Lecture Notes for SE 598, Data Structures and Algorithms

5 July 2000 - STL Lists


  1. behavior

    1. lists are a sequential data type, but not like arrays, vectors, or dequeues

      1. lists do not have indexed access - no [] or at()

      2. lists do have arbitrary, efficient insert and delete

      3. lists have restricted iterators - bidirectional; no jumping

  2. a list is a template class

    1. with template <class T, class Allocator = allocator>

  3. list constructors

    1. the default constructor - list<T> l;

    2. the size and value constructor - list<T> l(n, v);

    3. the copy constructor - list<customer> line2(line1);

    4. the segment-copy constructor - list(start, end);

  4. reading and writing values - no indexing via [] or at()

    1. iterator access only - front() and back()

  5. growing and shrinking Lists

    1. size() and max_size() member functions

    2. no reserve() and capacity() member functions

    3. d.push_back(v), d.pop_back(), d.push_front(v), and d.pop_front() member functions

    4. insert(v) and erase()

      1. insert(i, v)

        1. insert the value v immediately before (just to the left of) the value referenced by the iterator i

        2. return an iterator to v

      2. insert(i, n, v)

        1. insert n copies of the value v immediately before (just to the left of) the value referenced by the iterator i

        2. return nothing

      3. insert(i, start, end)

        1. insert the values denoted by the iterator range start,end immediately before the value referenced by the iterator i

        2. return nothing

      4. erase(i) - delete the value referenced by the iterator i

      5. erase(s, e) - delete the values denoted by the iterator range s,e

    5. splicing - another form of insertion; lists only

      1. l1.splice(i, l2)

        1. insert the elements from list l2 immediately before the list l1 value referenced by iterator i

        2. l2 is empty after the splice - the elements are moved

        3. l1 and l2 must be different

      2. l1.splice(i1, l2, i2)

        1. insert the l2 value referenced by the iterator i2 immediately before the list l1 value referenced by iterator i1

        2. the value referenced by i2 is deleted from l2.

        3. l1 and l2 need not be different

      3. l1.splice(i1, l2, 2, e)

        1. insert the l2 values referenced by the iterator range (s, e) i2 immediately before the list l1 value referenced by iterator i1

        2. the values referenced by (s, e) are deleted from l2.

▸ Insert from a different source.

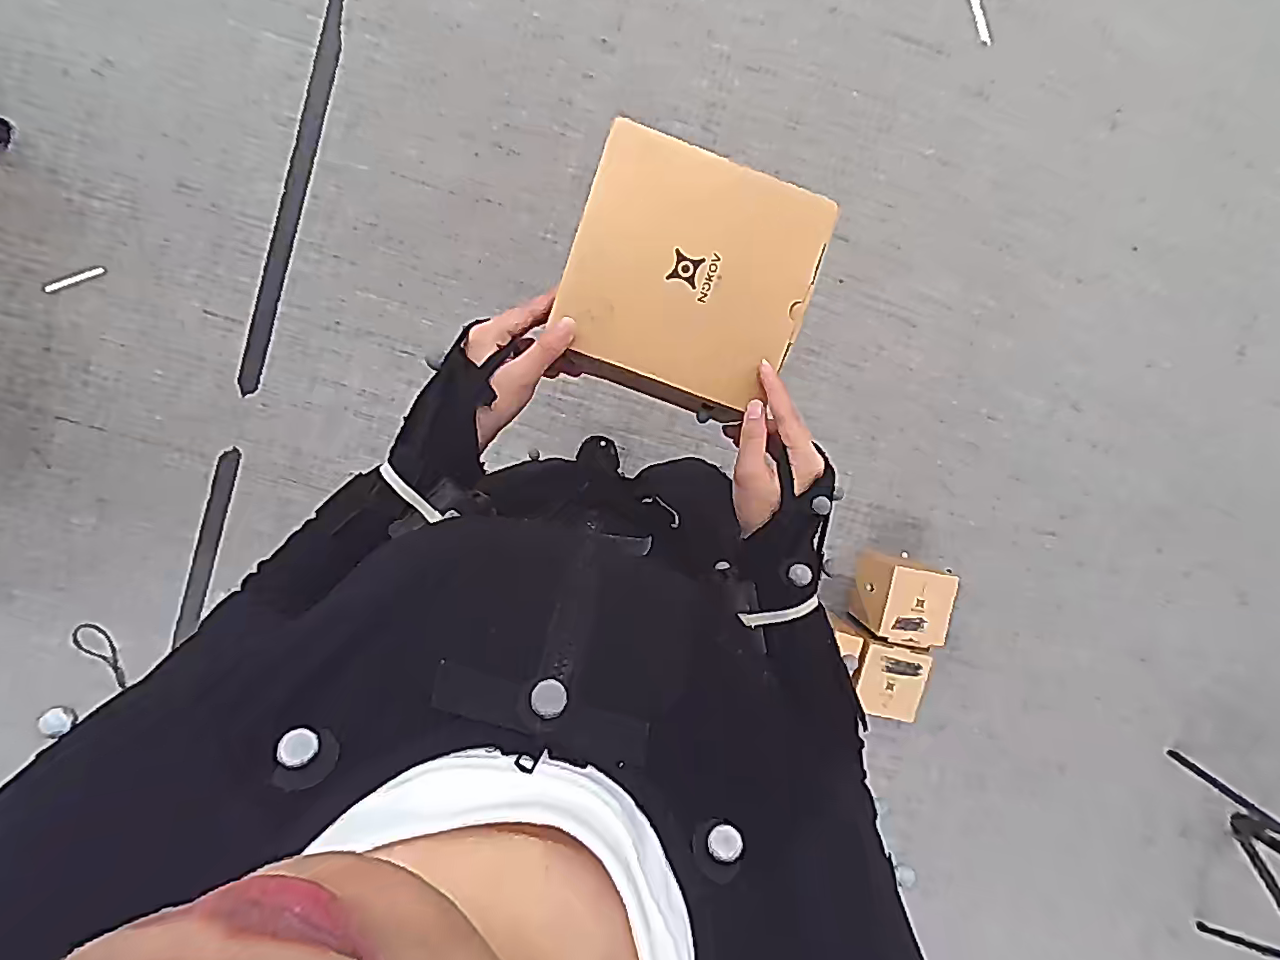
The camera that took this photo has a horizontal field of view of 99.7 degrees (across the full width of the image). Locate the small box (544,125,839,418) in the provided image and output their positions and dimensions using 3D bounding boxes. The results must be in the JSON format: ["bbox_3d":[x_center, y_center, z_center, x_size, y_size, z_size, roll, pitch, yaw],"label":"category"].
[{"bbox_3d":[0.035,-0.155,0.472,0.179,0.176,0.168,20,94,-3],"label":"small box"}]

        3. l1 and l2 need not be different, but the iterator range may not contain i1

    6. l.remove(v) - delete from l all values equal to v; lists only

  6. list relation operators - equality and less-than

  7. iterators

    1. the usual types

    2. list iterators are bidirectional iterators

      1. no jumping around via +, -, +=, or -=

      2. no distance measurement via -

      3. no relations other than equality

      4. some generic algorithms don't work on lists - sorting

    3. the usual member functions

  8. other member functions - make up for the loss of generic algorithms; have more efficient implementations

    1. l.sort() - sort l

    2. l.sort(c) - sort l using the comparison c

    3. unique() - replace consecutive runs of a value with one copy of the value

    4. unique(p) - replace consecutive runs with a single value using p to determine when adjacent values are equal

    5. l1.merge(l2), l1.merge(l2, c) - merge l2 into l1, using c; l2 is empty after


This page last modified on 4 July 2000.